Beyond oncology, Non-Invasive Prenatal Testing (NIPT) has seen a successful clinical application of genetic testing and includes Natera’s Panorama test, which has been used in the context of over three million pregnancies. Furthermore, companies like Illumina are already supplying NGS-based products for NIPT.
The various examples of national precision medicine initiatives (e.g., Genomics England, All of Us Research Program, or the Dubai Genomics Initiative) are creating excitement and anticipation around the introduction of genomics and DNA sequencing technologies in the clinic. However, this is only part of a grander vision – a Precision Medicine vision which is gaining ground across all continents, with up to multiple initiatives per country. In the words of the European Federation of Pharmaceutical Industries and Associations, “Precision medicine is a healthcare approach that utilizes molecular information, phenotypic and health data from patients to generate care insights to prevent or treat human disease resulting in improved health outcomes”. The National Institute of Health (NIH | leads the All of Us Research Program with one million genomes) describes precision medicine as “an innovative approach that takes into account individual differences in patients’ genes, environments, and lifestyles”.
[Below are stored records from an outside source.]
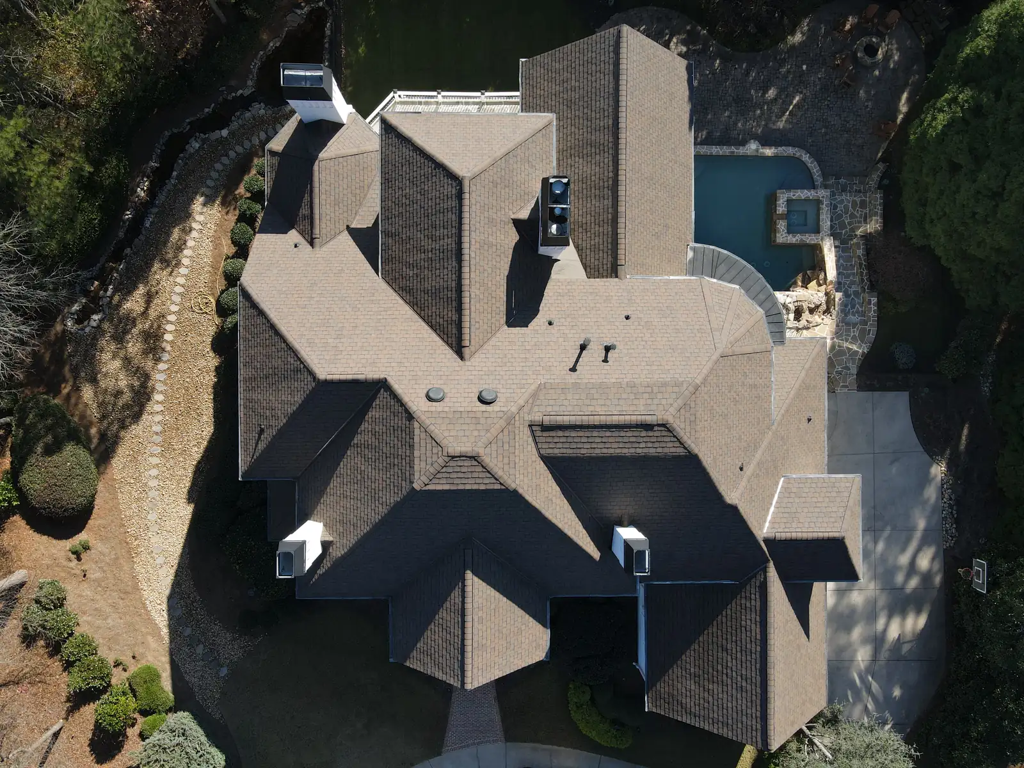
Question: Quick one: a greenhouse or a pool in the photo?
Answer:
pool
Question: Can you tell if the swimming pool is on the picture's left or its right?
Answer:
right
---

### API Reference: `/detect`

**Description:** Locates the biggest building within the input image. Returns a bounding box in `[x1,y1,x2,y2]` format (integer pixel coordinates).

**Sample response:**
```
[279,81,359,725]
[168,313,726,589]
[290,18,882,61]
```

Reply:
[237,24,864,750]
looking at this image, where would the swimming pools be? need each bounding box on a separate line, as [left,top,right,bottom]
[696,147,831,298]
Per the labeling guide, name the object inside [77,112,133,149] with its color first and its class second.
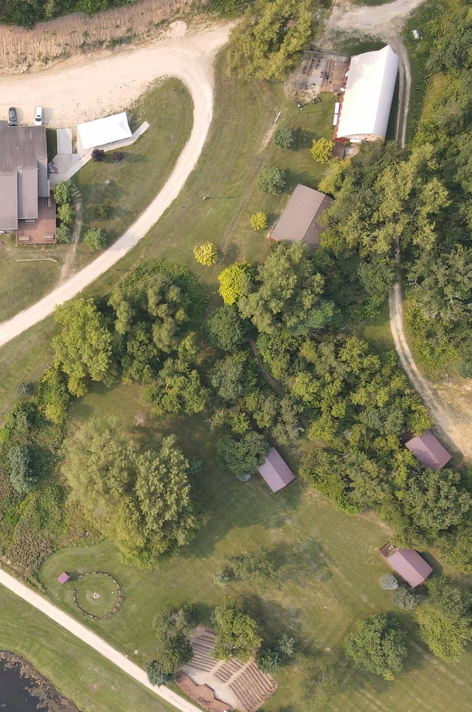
white tent
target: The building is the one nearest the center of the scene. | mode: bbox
[259,448,298,493]
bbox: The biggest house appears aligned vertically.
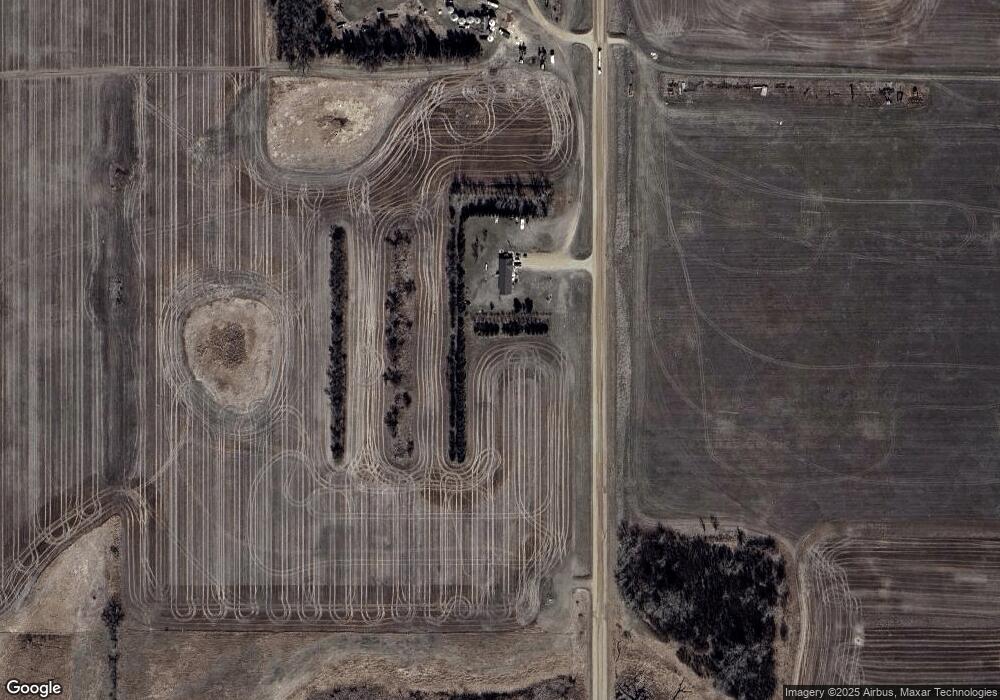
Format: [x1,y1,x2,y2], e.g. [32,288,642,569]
[499,260,514,297]

Table 1: Examples of production and storage costs of large-scale, population genomics initiatives.
For cost calculation purpose the following assumptions have been made: (1) The cost of producing a single whole human genome is set at $1,000, which covers all steps from sample extraction to variant calling; (2) the cost of storing a whole genome is set at $10; and the research community is going to create two petabytes of data for each petabyte of whole genome sequenced, which means 1 PB becomes 3 PB of data. The bottom two rows list the equivalents to the U.S. population (334 million citizens highlighted in orange) and the European Union (448 million citizens highlighted in green).
“Precision medicine is a healthcare approach that utilizes molecular information, phenotypic and health data from patients to generate care insights to prevent or treat human disease resulting in improved health outcomes”.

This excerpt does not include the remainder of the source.